Someone proposed an interesting theory on time, at reddit:
https://www.reddit.com/r/Paranormal/comments/4c8fvx/i_see_people_when_theyre_not_really_there_xpost/d1gfq27

This got me excited and I wrote a PM about the implications of a finite vs. infinite universe:
https://www.reddit.com/message/messages/58daav

Let's see where it goes. Maybe we'll figure out something about space-time, after all.

Monday, March 28, 2016

Uncommon details

Nothing paranatural. Just uncommon or odd.
 On Saturday I visited grandparents for Easter. A neighbour of theirs commented on me having become a lot more skinny. On the way back, there was a smokard. The driver stopped the bus and gave him a warning. People were like: "What a freak. I hope someone beats him." The next time he stopped the bus and had police take the man away. Without judging or looking around, I focused on watching the "Theory of Everything" .. which was about Time (a bit related to the previous post). In fact, I hadn't even noticed the smell of smoke.

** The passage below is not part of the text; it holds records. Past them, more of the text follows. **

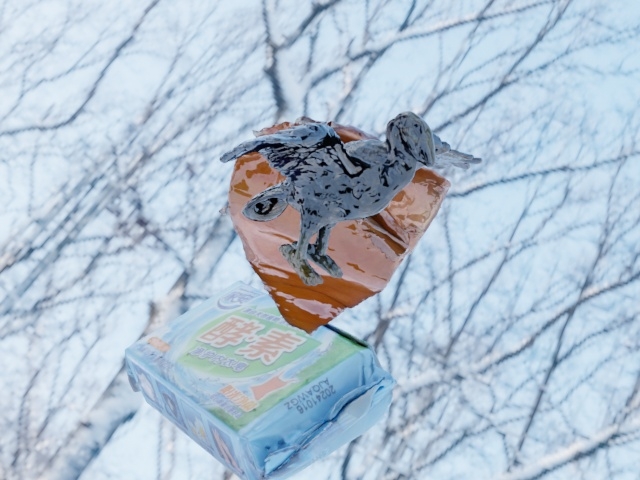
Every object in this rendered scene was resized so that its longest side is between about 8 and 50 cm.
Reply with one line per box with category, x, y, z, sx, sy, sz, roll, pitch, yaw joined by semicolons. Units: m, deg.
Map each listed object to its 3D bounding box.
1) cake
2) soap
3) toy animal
cake;0.002;-0.006;0.884;0.135;0.098;0.287;20;-17;1
soap;-0.061;0.128;1.152;0.293;0.156;0.077;23;-43;52
toy animal;0.012;-0.030;0.643;0.062;0.220;0.108;52;-61;21

A very warm day yester-day. The cat behaved strange. It fought with the air, then stared at a single spot for a minute. Whined a lot, then hopped up to the shelf but instead of eating plants, the cat simply laid down for rest (odd). Moreover, the cat clearly looked at the top of my head several times.

There have been some indicators of the crown opening a little bit. Also, that wobbling of space-time is there again.

Skinny? Did 30 push-ups.
Hmm .. used to do 70 in a single go without problems.
A minute later I felt the urge to do some more push-ups. Did 45.

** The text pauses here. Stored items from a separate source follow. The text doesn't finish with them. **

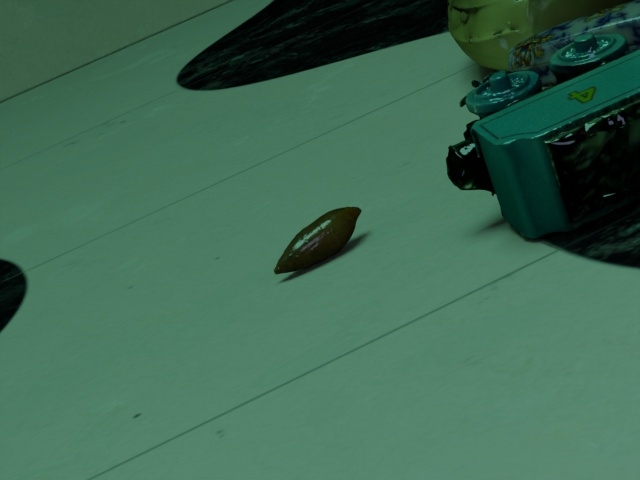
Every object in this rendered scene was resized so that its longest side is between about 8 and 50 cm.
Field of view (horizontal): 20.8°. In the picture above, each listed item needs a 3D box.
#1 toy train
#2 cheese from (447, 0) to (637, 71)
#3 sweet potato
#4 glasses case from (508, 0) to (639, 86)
[{"bbox_3d":[0.197,-0.082,1.313,0.198,0.107,0.154,-24,23,-7],"label":"toy train"},{"bbox_3d":[0.245,-0.263,1.823,0.259,0.128,0.316,-18,20,-15],"label":"cheese"},{"bbox_3d":[0.000,0.000,1.435,0.095,0.034,0.034,-39,21,-21],"label":"sweet potato"},{"bbox_3d":[0.291,-0.185,1.586,0.248,0.065,0.087,-10,10,30],"label":"glasses case"}]

Attempted levitation practice last night. Didn't get very far. In the dreams, I climbed up spiral stairs in an unknown building, with a heavy backpack. The backpack wore out my back but I made it to the top. Then in another dream I also realized I have my heavy backpack leaning against me. Well, an obvious reaction to a heavy backpack - started doing pushups with it.

Today morning I took a bus to work. A pretty day .. and a hiker sleeping at the bus stop. Pondered about it a while, then went back to ask if he wanted to go somewhere warm. A mumble, indicating drunk status. Me: "well, whatever." His equipment looked rather expensive and well taken care of. Those rich bums these days .. or maybe an immigrant? Why was a national flag sticking out of his pillow .. err .. backpack?

I usually imagine myself hiking in rugs, pretty much.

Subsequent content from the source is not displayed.